**DATA**.
▬▬▬
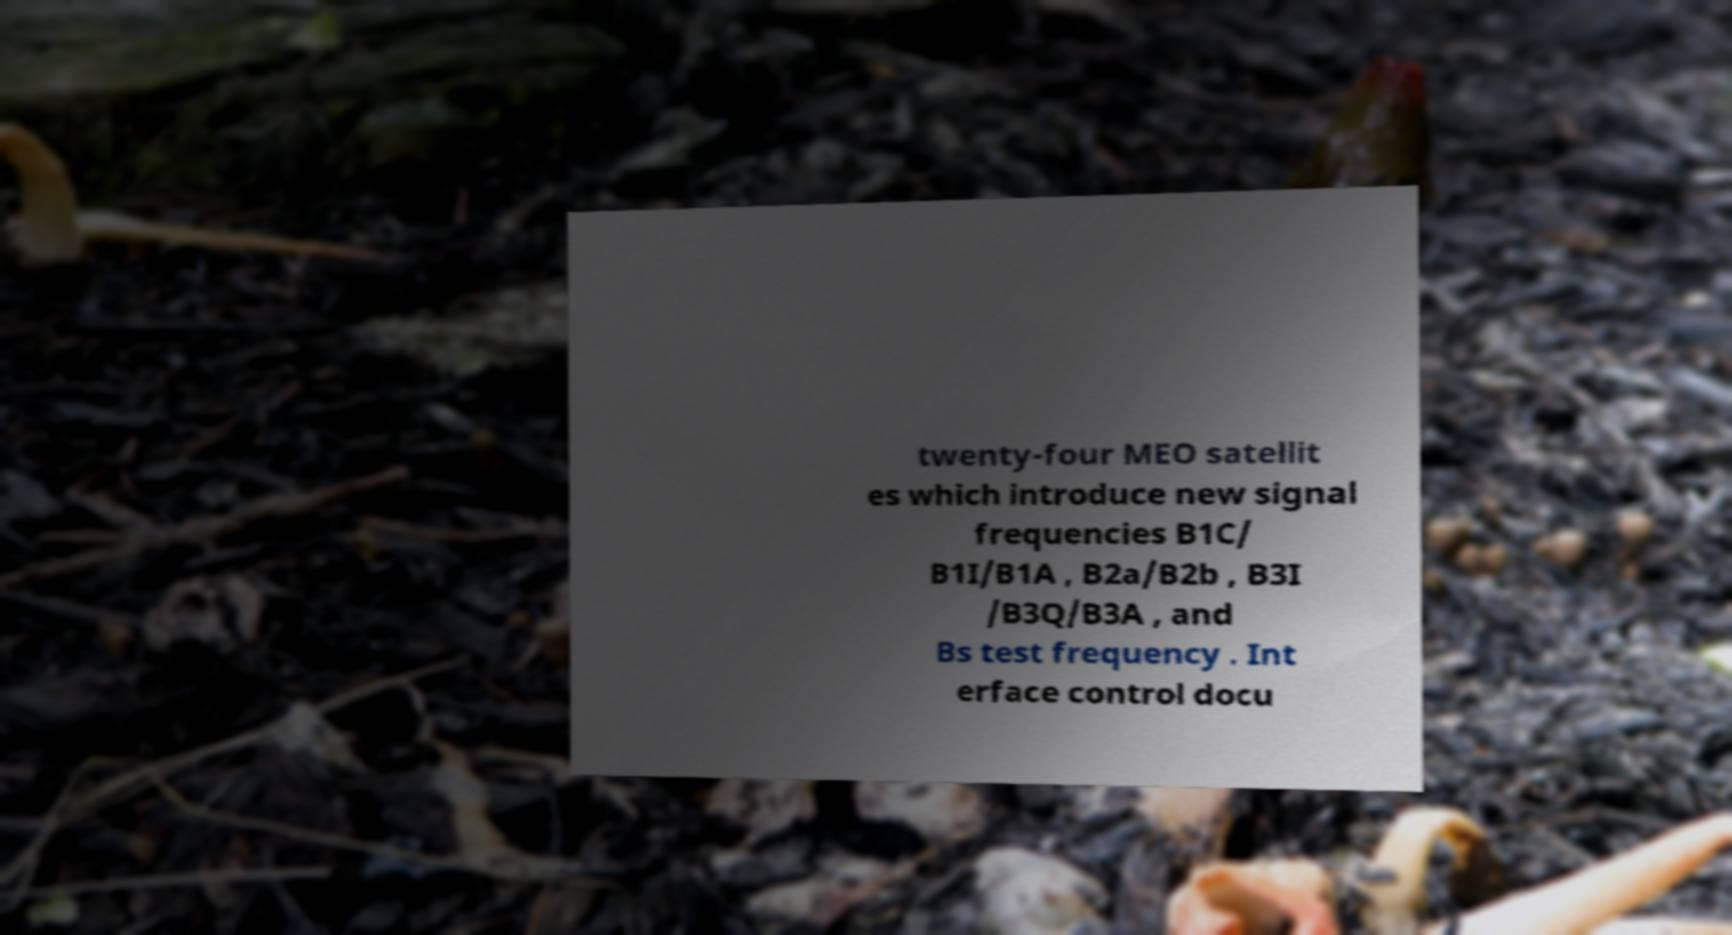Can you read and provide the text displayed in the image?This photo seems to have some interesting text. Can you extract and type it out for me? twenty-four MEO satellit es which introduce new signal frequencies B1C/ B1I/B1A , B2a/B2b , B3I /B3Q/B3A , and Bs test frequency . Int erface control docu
▬▬▬
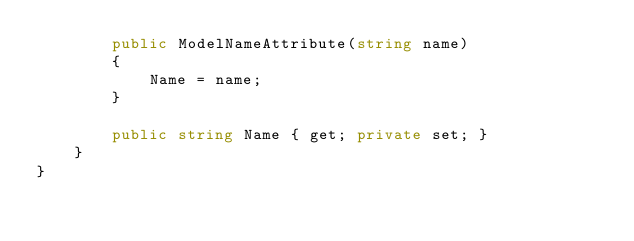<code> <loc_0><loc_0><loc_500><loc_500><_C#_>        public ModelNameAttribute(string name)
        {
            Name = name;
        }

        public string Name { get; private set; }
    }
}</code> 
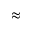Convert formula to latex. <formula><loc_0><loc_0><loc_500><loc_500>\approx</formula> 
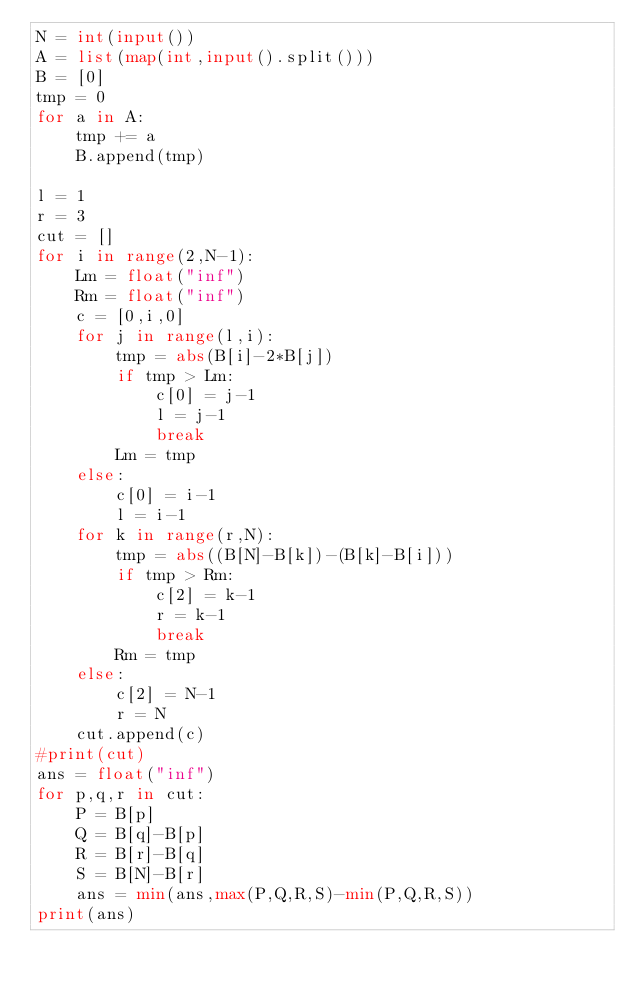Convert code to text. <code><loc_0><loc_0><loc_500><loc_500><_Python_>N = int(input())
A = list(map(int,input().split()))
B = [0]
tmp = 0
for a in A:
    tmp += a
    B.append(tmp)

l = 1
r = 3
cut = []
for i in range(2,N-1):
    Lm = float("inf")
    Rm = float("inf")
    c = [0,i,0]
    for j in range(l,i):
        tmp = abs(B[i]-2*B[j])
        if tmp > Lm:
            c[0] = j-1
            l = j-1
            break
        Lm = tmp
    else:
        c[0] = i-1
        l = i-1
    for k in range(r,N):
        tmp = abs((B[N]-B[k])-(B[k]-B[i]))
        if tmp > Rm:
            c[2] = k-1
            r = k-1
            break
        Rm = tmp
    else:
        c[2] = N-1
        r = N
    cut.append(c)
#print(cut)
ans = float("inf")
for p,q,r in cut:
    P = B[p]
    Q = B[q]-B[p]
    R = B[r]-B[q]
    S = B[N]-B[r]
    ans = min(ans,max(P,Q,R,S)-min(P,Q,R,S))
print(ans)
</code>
▬▬▬
Pull each line containing "float" from the records.

    Lm = float("inf")
    Rm = float("inf")
ans = float("inf")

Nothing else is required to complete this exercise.